The next chapter focuses on the Chilean Coup of 1973 in which the Nixon administration, with the help of the CIA’s economic sabotage, staged an assassination followed by a coup in Chile. Chile at the time was the most developed democracy in the American southern hemisphere, but it elected the socialist leaning Salvador Allende, who threatened to nationalize industries largely dominated by American firms such as ITT, Pepsi Cola and the Chase Manhattan Bank. Thus the CIA staged a coup and installed the repressive Augusto Pinochet regime. Hitchens gives accounts of the murder-kidnapping of a Chilean general who stood in Pinochet’s way, as well as the expansion of death squads and the resultant murder, torture and disappearance of thousands of Chileans.

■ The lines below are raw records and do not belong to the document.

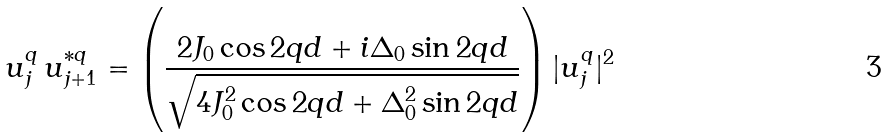<formula> <loc_0><loc_0><loc_500><loc_500>u _ { j } ^ { q } \, u _ { j + 1 } ^ { * q } = \left ( \frac { 2 J _ { 0 } \cos 2 q d + i \Delta _ { 0 } \sin 2 q d } { \sqrt { 4 J _ { 0 } ^ { 2 } \cos 2 q d + \Delta _ { 0 } ^ { 2 } \sin 2 q d } } \right ) | u _ { j } ^ { q } | ^ { 2 }</formula> 
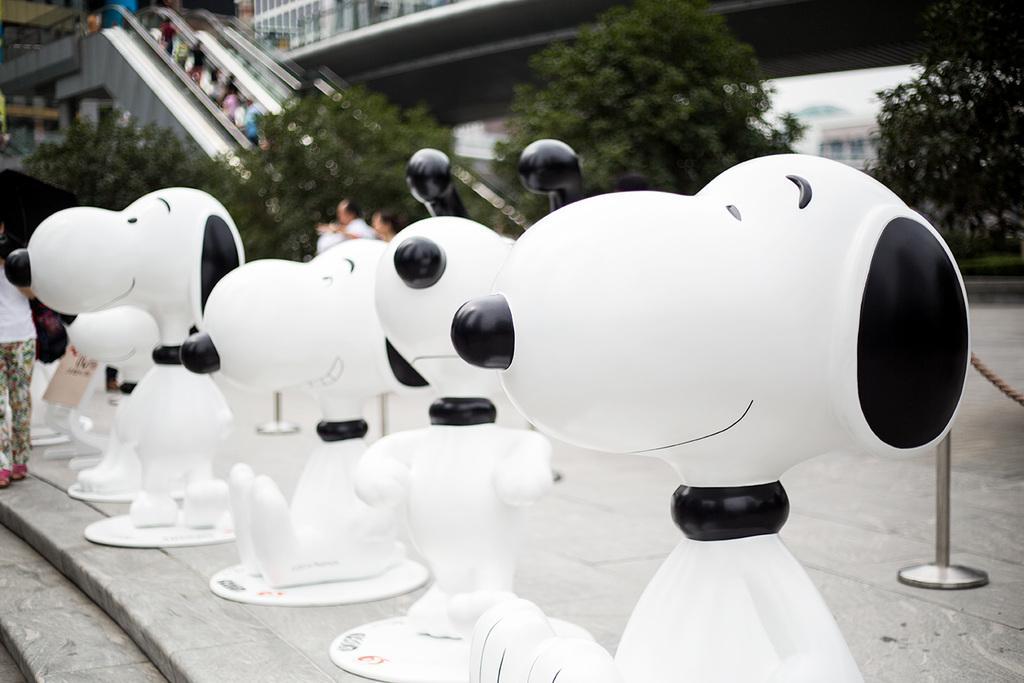Please provide a concise description of this image. This image consists of statues of dogs. At the bottom, there are steps. In the background, we can see trees and escalators. On the left, there is a person. 
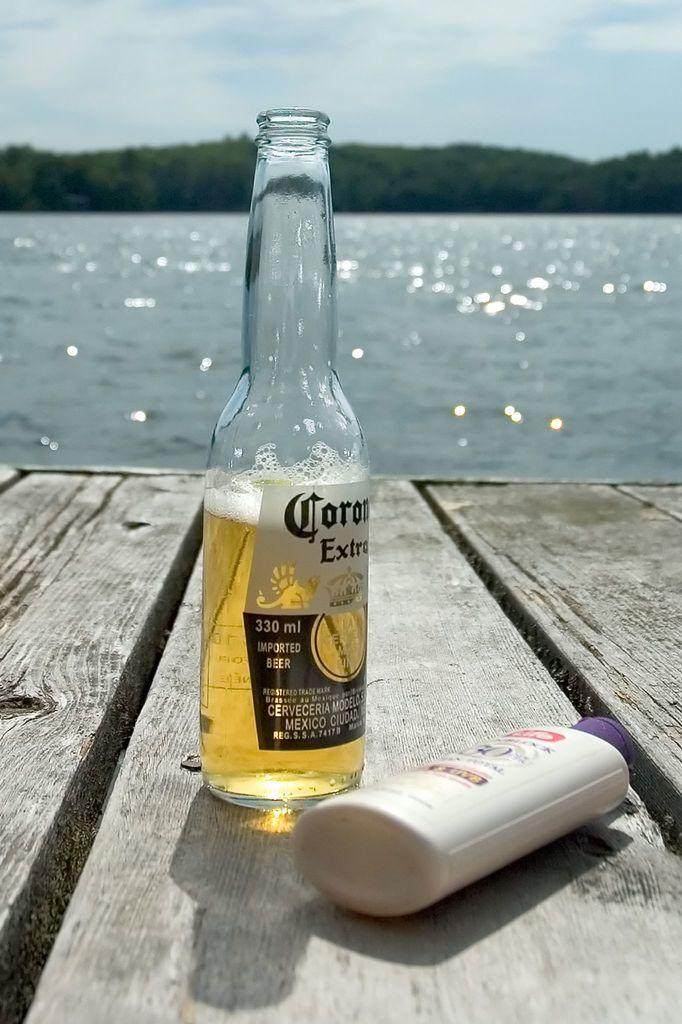What objects are on the table in the image? There are bottles on a table in the image. What is inside the bottles? The bottles contain a liquid and foam. What type of water body is depicted in the image? The image depicts a freshwater river. What can be seen in the distance in the image? There are trees visible in the distance. What invention is being demonstrated in the image? There is no invention being demonstrated in the image; it simply shows bottles on a table and a freshwater river with trees in the distance. What type of trade is taking place in the image? There is no trade taking place in the image; it is a scene of bottles on a table and a river with trees in the distance. 
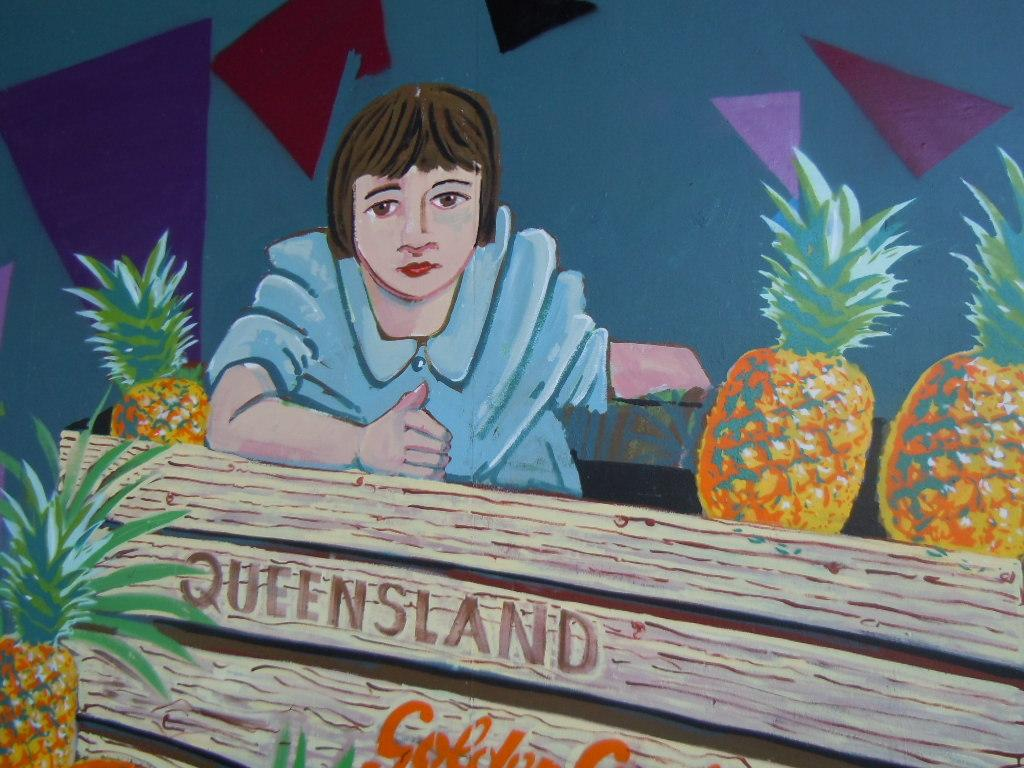What is depicted in the painting in the image? There is a painting of a woman in the image. What type of fruit can be seen in the image? There are pineapples in the image. What can be seen on the backside of the image? There is a wall visible on the backside of the image. What type of shirt is the porter wearing in the image? There is no porter present in the image, so it is not possible to determine what type of shirt they might be wearing. 
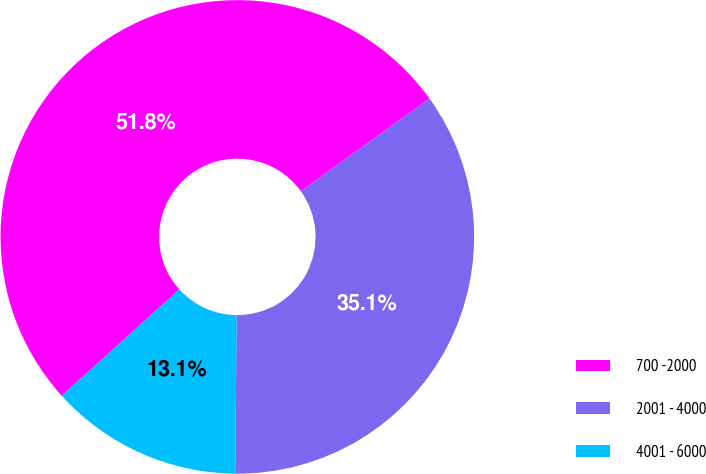<chart> <loc_0><loc_0><loc_500><loc_500><pie_chart><fcel>700 -2000<fcel>2001 - 4000<fcel>4001 - 6000<nl><fcel>51.78%<fcel>35.07%<fcel>13.15%<nl></chart>

A similar story is told in the following chapter in which a US-backed coup on the island of Cyprus leaves thousands of civilian deaths and 200,000 refugees. Hitchens follows this story with a report on the Indonesian invasion of East Timor, which happens the day of a visit between the Indonesian dictator Suharto, President Gerald Ford and Kissinger himself. The invasion was approved by Ford and Kissinger and involved the deaths of 100,000 civilians killed with American-supplied weapons.
Hitchens also explores the curious case of Elias P. Demetracopoulos, an exiled Greek journalist who criticized the Nixon regime for its support of the Greek military dictatorship. Demetracopoulos uncovered that the Nixon 1968 presidential campaign received $549,000 from the Greek dictatorship through the ultra-conservative Greek businessman Thomas Pappas. Presidential campaign contributions from foreign governments are illegal in US elections. Furthermore, being that the Greek dictatorship was a recipient of CIA funds, it could mean that CIA money had been rerouted back to a presidential campaign. Hitchens argues that the Watergate burglary may have been an attempt to ascertain whether the Democrats had knowledge of the Pappas connection, among other things. Demetracoupoulos himself discovered a previously classified document that refers to his own death, which begins Hitchen’s exploration of a Kissinger-backed plot to kill him.
In each of these stories Hitchens thoroughly implicates Kissinger in the crime discussed, weather he planned it, assisted in carrying it out or merely approved it. He includes an appendix discussing Kissinger’s private consulting firm Kissinger Associates. “The Associates” help such client-firms as American Express, ITT Lockheed, Anheuser-Busch, the Banca Nazionale del Lavoro, Coca-Cola, and Union Carbide deal with (usually repressive) governments, such as Saddam Hussein’s Iraq. These dealings allowed Kissinger to personally profit from his political activities and connections.
Hitchens points out that many who have worked with Kissinger have done jail time or have resigned from government positions in disgrace, though some did go on to work in subsequent administrations. His book is an excellent indictment not only of a vicious political operative, but the political system that allowed Kissinger to thrive. It also does much to put to rest the notion of America as a benevolent hegemony, or even the possibility of benevolent foreign intervention. Furthermore, in the case of Hillary Clinton, it is an indictment of the current political establishment, being that its presidential front-runner openly brags of her association with this man.